Your tables structures need to contain common fields that will allow you to create joins and relationships among them like (roughly):
tblEmployees
EmployeeID (Primary Key)
- EmpLName
- EmpFName
- EmpExt
- DeptID (Foriegn Key)
- StoreID (Foreign Key)
tblDepartments
- DepID (Primary Key)
- DepName
tblStores
- StoreID (PK)
- Address
- Manager (actually redundant because managers are employees too
which you could indicate with a 'Reports To' field in your
employee table and use the employee ID to identify the
manager (called a 'self-join' in you employees table))

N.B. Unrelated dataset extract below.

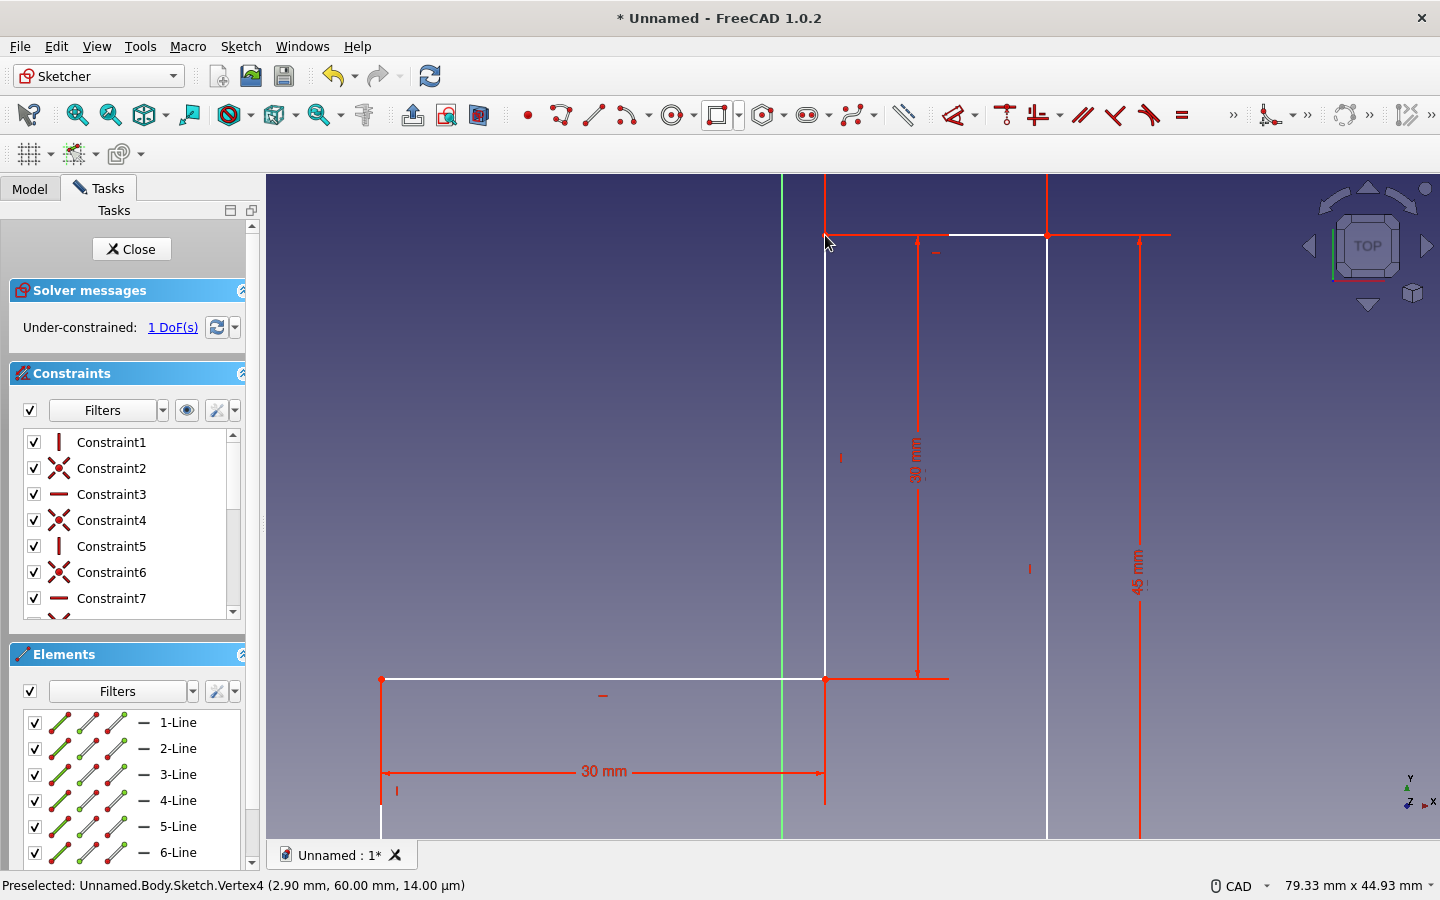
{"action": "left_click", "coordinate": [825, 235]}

Once the common fields are in place, establish referential integrity between them (there are two 1-to-many relationships suggested above), then write a query that joins the tables and base your report on it. The query would look like (very roughly):
SELECT
tblEmployees.EmployeeID,
tblEmployees.EmpLName,
tblEmployees.EmpFName,
tblDepartments.DepName,
tblStores.StoreID,
tblStores.Address,
tblStores.Manager
FROM
tblStores
INNER JOIN
(tblDepartments
INNER JOIN
tblEmployees
ON blDepartments.DepID = tblEmployees.DeptID)
ON tblStores.StoreID = tblEmployees.StoreID;
The basic idea is to establish common fields in your tables that you can join them on, then write queries that create those joins.